[ACTIVITY]
Output range, inclusive: from the line containing "10.18958), (17.3498, 10.14672)])" to the line containing "9.26816), (15.75367, 9.2253)])". Restate those lines from the data below word for word and only those.

[DATA EXCERPTS]
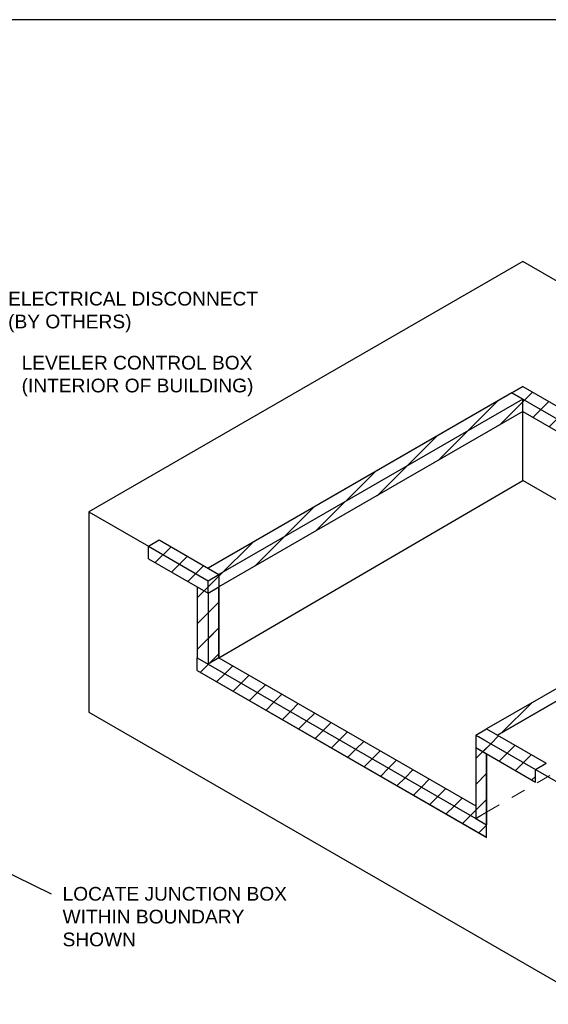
# Model space of a CAD drawing. Header units: inches. Extents: x 3.3 to 19.7, y 2.1 to 14.1.
# Tile 13 of 42: x 12.5 to 16.1, y 7.4 to 14.1. Entities that reach past the tile are written whole.
import ezdxf

# ---------------------------------------------------------------- set-up
doc = ezdxf.new("R2010")
doc.units = ezdxf.units.IN
doc.header["$MEASUREMENT"] = 0
doc.linetypes.add('HIDDEN', pattern=[0.075, 0.05, -0.025])
doc.styles.add('Arial', font='arial.ttf', dxfattribs={"height": 0.09375})
doc.dimstyles.new('SLDDIMSTYLE2', dxfattribs={"dimtxt": 0.18, "dimasz": 0.15, "dimexe": 0, "dimexo": 0.0625, "dimgap": 0, "dimtad": 0, "dimtih": 1, "dimtoh": 1, "dimdec": 0, "dimrnd": 1e-09, "dimzin": 0, "dimdsep": 46, "dimtxsty": 'Standard', "dimsah": 1, "dimcen": 0.09, "dimadec": 0, "dimazin": 0, "dimtfac": 0.15, "dimtdec": 0, "dimtofl": 0, "dimtmove": 0, "dimatfit": 3, "dimfxl": 1, "dimfrac": 2, "dimtolj": 1, "dimtzin": 0, "dimarcsym": 0})

msp = doc.modelspace()

# ---------------------------------------------------------------- hatches: boundary and pattern name
at = {"ltscale": 0.5}
h = msp.add_hatch(dxfattribs=at)
h.set_pattern_fill('ANSI31', color=8)
h.paths.add_polyline_path([(17.3498, 10.14672), (17.27555, 10.18958), (16.31588, 9.63557), (16.31588, 9.54985)])
h.paths.add_polyline_path([(17.83245, 10.42535), (17.75821, 10.46821), (17.27555, 10.18958), (17.3498, 10.14672)])
h.paths.add_polyline_path([(16.29009, 9.53497), (16.29009, 9.62069), (15.67942, 9.26816), (15.75367, 9.2253)])
h.paths.add_polyline_path([(15.6794, 9.26817), (15.60516, 9.22531), (16.01349, 8.98959), (16.08773, 9.03244)])
h.paths.add_polyline_path([(15.62374, 9.21458), (15.60516, 9.22531), (15.60515, 9.13959), (16.01349, 8.90386), (16.01349, 8.98958)])
h.paths.add_polyline_path([(16.30898, 11.39055), (16.30898, 11.30483), (17.83245, 10.42535), (17.89509, 10.46151), (17.76576, 10.53617), (17.76401, 10.53949), (17.76366, 10.5439), (17.76492, 10.55005)])
h.paths.add_polyline_path([(16.30898, 11.30483), (16.30897, 11.2191), (17.48225, 10.54178), (17.52095, 10.56412), (17.5247, 10.56397), (17.52869, 10.56207), (17.53256, 10.55864), (17.53584, 10.55409), (17.53814, 10.54897), (17.53918, 10.5439), (17.53883, 10.53949), (17.53714, 10.53628), (17.53502, 10.53505), (17.51447, 10.52318), (17.68395, 10.42534), (17.75821, 10.46821)])
h.paths.add_polyline_path([(15.9269, 11.61112), (15.9269, 11.5254), (16.28998, 11.3158), (16.28996, 11.40153)])
h.paths.add_polyline_path([(15.9269, 11.5254), (15.9269, 11.43967), (16.29, 11.23005), (16.28998, 11.3158)])
h.paths.add_polyline_path([(15.9269, 11.5254), (15.85266, 11.56826), (13.77388, 10.36821), (13.84812, 10.32535)])
h.paths.add_polyline_path([(15.9269, 11.43967), (15.9269, 11.5254), (13.84812, 10.32535), (13.84812, 10.23961)])
h.paths.add_polyline_path([(13.77388, 10.19673), (13.69964, 10.23958), (13.69964, 9.75377), (13.77388, 9.71091)])
h.paths.add_polyline_path([(13.84812, 10.23959), (13.77388, 10.19673), (13.77388, 9.71143), (13.77433, 9.71117), (13.84812, 9.75426)])

# ---------------------------------------------------------------- linework, layer by layer
for p, q in [((19.73199, 14.12325), (3.31199, 14.12325)), ((13.84812, 9.75426), (13.7739, 9.71093))]:
    msp.add_line(p, q)
at = {"color": 7, "linetype": 'Continuous', "lineweight": 25}
for p, q in [((15.9269, 12.4683), (12.95721, 10.75394)), ((19.39153, 10.46821), (15.9269, 12.4683)), ((15.9269, 11.61112), (13.77388, 10.36821)), ((15.85266, 11.56826), (15.9269, 11.61112)), ((15.9269, 11.61112), (16.28996, 11.40153)), ((15.85266, 11.56826), (13.77388, 10.36821)), ((15.9269, 11.5254), (15.85266, 11.56826)), ((15.85266, 11.56826), (16.28998, 11.3158)), ((15.9269, 11.5254), (13.84812, 10.32535)), ((15.9269, 11.43967), (15.9269, 11.5254)), ((15.9269, 11.43967), (13.84812, 10.23961)), ((15.9269, 11.43967), (13.84815, 10.23963)), ((15.9269, 11.43967), (16.29, 11.23005)), ((15.9269, 10.96814), (15.9269, 11.43967)), ((13.84815, 9.75431), (15.9269, 10.96814)), ((16.28994, 10.75856), (15.9269, 10.96814)), ((12.95721, 10.75394), (13.36552, 10.51823)), ((12.95721, 10.75394), (12.95721, 9.38222)), ((13.36552, 10.51823), (13.43976, 10.56109)), ((13.36552, 10.51823), (13.77385, 10.2825)), ((13.36554, 10.43248), (13.36554, 10.51821)), ((13.43976, 10.56109), (13.84809, 10.32536)), ((13.36552, 10.43249), (13.77385, 10.19677)), ((13.77385, 10.2825), (13.84809, 10.32536)), ((13.84812, 10.32535), (13.84812, 10.23961)), ((13.77385, 10.19677), (13.77385, 10.2825)), ((13.69963, 10.23959), (13.69963, 10.23961)), ((13.69963, 10.23959), (13.77388, 10.19673)), ((13.69964, 10.23959), (13.69963, 10.23959)), ((13.69963, 10.23959), (13.69963, 9.75377)), ((13.77386, 10.19677), (13.77385, 10.19677)), ((13.77388, 10.19673), (13.84812, 10.23959)), ((13.77388, 10.19673), (13.77388, 9.71091)), ((13.84812, 10.23959), (13.84811, 10.23959)), ((13.84812, 10.23959), (13.84812, 9.75426)), ((13.84815, 9.75431), (13.84815, 10.23963)), ((13.69963, 9.75377), (13.77388, 9.71091)), ((13.69963, 9.66856), (13.69963, 9.75377)), ((13.69963, 9.66807), (13.69963, 9.75377)), ((13.77388, 9.71143), (15.60513, 8.65427)), ((13.77388, 9.71091), (13.7739, 9.71093)), ((13.84815, 9.75431), (13.84812, 9.75433)), ((13.84812, 9.75429), (15.60513, 8.73999)), ((13.84812, 9.75429), (15.60514, 8.73999)), ((13.69963, 9.66856), (15.67942, 8.52565)), ((13.69963, 9.66807), (15.67942, 8.52516)), ((16.29009, 9.62069), (15.67942, 9.26816)), ((15.75367, 9.2253), (16.29009, 9.53497)), ((16.29009, 9.53497), (15.75367, 9.2253)), ((12.95721, 9.38222), (16.42185, 7.38213)), ((15.60516, 9.22531), (15.6794, 9.26817)), ((15.6794, 9.26817), (16.08773, 9.03245)), ((15.60516, 9.22531), (15.60513, 8.65375)), ((15.60516, 9.22531), (16.01349, 8.98959)), ((15.60513, 9.13956), (15.67938, 9.09671)), ((15.60516, 9.13958), (16.01349, 8.90385)), ((15.67938, 9.09671), (15.67938, 9.09671)), ((15.67938, 9.09671), (15.67938, 8.61089)), ((15.67938, 9.09671), (15.67938, 8.61089)), ((15.67942, 8.52516), (15.67942, 9.09671)), ((16.01349, 8.98959), (16.08773, 9.03245)), ((16.01349, 8.90385), (16.01349, 8.98959)), ((16.01351, 8.98957), (16.42185, 8.75385)), ((16.01351, 8.90384), (16.01351, 8.98957)), ((16.08773, 9.03245), (16.08773, 9.03244)), ((16.08776, 9.03243), (16.08773, 9.03245)), ((16.01349, 8.90386), (16.01349, 8.90385)), ((16.01351, 8.90384), (16.01349, 8.90385)), ((15.60513, 8.65375), (15.67938, 8.61089)), ((15.67938, 8.61089), (15.67938, 8.61089)), ((15.6794, 8.6114), (15.67942, 8.61138)), ((15.67942, 8.52565), (15.67942, 8.61138))]:
    msp.add_line(p, q, dxfattribs=at)
at = {"color": 7, "linetype": 'HIDDEN', "lineweight": 18}
for p, q in [((13.36557, 10.43247), (13.36557, 10.5182)), ((13.69964, 10.23959), (13.69964, 9.75377)), ((13.84812, 9.75429), (13.84812, 9.75429)), ((15.75368, 9.22529), (16.29009, 9.53495)), ((16.0197, 8.986), (15.62374, 9.21458)), ((15.67946, 8.69712), (16.28655, 9.05162)), ((15.67938, 8.69661), (15.60513, 8.65375)), ((15.61137, 8.65781), (15.67942, 8.6971)), ((15.67942, 8.6971), (15.61137, 8.65736)), ((15.67938, 8.69661), (15.67938, 8.69661)), ((15.67946, 8.68998), (15.67942, 8.6971))]:
    msp.add_line(p, q, dxfattribs=at)
at = {"color": 8, "linetype": 'HIDDEN', "lineweight": 18}
msp.add_line((13.43976, 10.56109), (13.43976, 10.56108), dxfattribs=at)
at = {"color": 8, "linetype": 'Continuous', "ltscale": 0.5}
for p, q in [((13.41128, 10.40608), (13.51998, 10.51478)), ((13.52336, 10.34138), (13.63206, 10.45008)), ((13.63543, 10.27668), (13.74413, 10.38538)), ((13.74751, 10.21198), (13.84812, 10.31258)), ((13.72169, 9.65583), (13.77604, 9.71018)), ((13.83377, 9.59113), (13.88812, 9.64548)), ((13.88812, 9.64548), (13.94247, 9.69982)), ((13.94584, 9.52643), (14.0002, 9.58078)), ((14.0002, 9.58078), (14.05454, 9.63512)), ((14.05792, 9.46173), (14.11227, 9.51608)), ((14.11227, 9.51608), (14.16662, 9.57042)), ((14.22435, 9.45138), (14.27869, 9.50572)), ((14.17, 9.39703), (14.22435, 9.45138)), ((14.33643, 9.38668), (14.39077, 9.44102)), ((14.28207, 9.33233), (14.33643, 9.38668)), ((14.4485, 9.32198), (14.50285, 9.37632)), ((14.39415, 9.26762), (14.4485, 9.32198)), ((14.56058, 9.25728), (14.61492, 9.31162)), ((14.50623, 9.20292), (14.56058, 9.25728)), ((14.67266, 9.19258), (14.727, 9.24692)), ((14.6183, 9.13822), (14.67266, 9.19258)), ((14.78473, 9.12788), (14.83908, 9.18222)), ((14.73038, 9.07352), (14.78473, 9.12788)), ((14.89681, 9.06318), (14.95115, 9.11752)), ((15.60515, 9.06441), (15.70716, 9.16642)), ((14.84245, 9.00882), (14.89681, 9.06318)), ((15.00889, 8.99848), (15.06323, 9.05282)), ((14.95453, 8.94412), (15.00889, 8.99848)), ((15.12096, 8.93378), (15.17531, 8.98812)), ((15.06661, 8.87942), (15.12096, 8.93378)), ((15.23304, 8.86908), (15.28738, 8.92342)), ((15.60514, 8.88763), (15.67938, 8.96187)), ((15.17868, 8.81472), (15.23304, 8.86908)), ((15.34511, 8.80438), (15.39946, 8.85872)), ((15.29076, 8.75002), (15.34511, 8.80438)), ((15.45719, 8.73968), (15.51153, 8.79402)), ((15.60514, 8.71084), (15.67938, 8.78509)), ((15.40284, 8.68532), (15.45719, 8.73968)), ((15.56927, 8.67498), (15.60514, 8.71084)), ((15.51491, 8.62062), (15.56927, 8.67498)), ((15.62699, 8.55592), (15.67942, 8.60836))]:
    msp.add_line(p, q, dxfattribs=at)
at = {"linetype": 'Continuous'}
for p, q in [((13.77388, 10.06157), (13.84812, 10.13581)), ((13.77388, 9.88479), (13.84812, 9.95903)), ((13.78084, 9.71498), (13.84812, 9.78225)), ((13.77604, 9.71018), (13.78084, 9.71498)), ((15.76488, 9.04737), (15.81924, 9.10172)), ((15.87696, 8.98267), (15.93131, 9.03702)), ((15.98904, 8.91797), (16.01349, 8.94242))]:
    msp.add_line(p, q, dxfattribs=at)

# ---------------------------------------------------------------- texts
at = {"color": 2, "linetype": 'Continuous', "char_height": 0.09375, "attachment_point": 1, "style": 'Arial'}
for s, insert, width in [('ELECTRICAL DISCONNECT\\P(BY OTHERS)', (12.40565, 12.26007), 2.0989762), ('{LEVELER CONTROL BOX\\P(INTERIOR OF BUILDING)}', (12.4977, 11.82191), 1.733675), ('LOCATE JUNCTION BOX WITHIN BOUNDARY SHOWN', (12.77795, 8.18564), 1.733675)]:
    msp.add_mtext(s, dxfattribs=dict(at, insert=insert, width=width))

# ---------------------------------------------------------------- leaders
at = {"color": 7, "linetype": 'Continuous', "lineweight": 0}
msp.add_leader([(10.82361, 9.06077), (12.70094, 8.13828)], dimstyle='SLDDIMSTYLE2', dxfattribs=at)

doc.saveas('drawing.dxf')

[ANSWER SPACE]
h.paths.add_polyline_path([(17.83245, 10.42535), (17.75821, 10.46821), (17.27555, 10.18958), (17.3498, 10.14672)])
h.paths.add_polyline_path([(16.29009, 9.53497), (16.29009, 9.62069), (15.67942, 9.26816), (15.75367, 9.2253)])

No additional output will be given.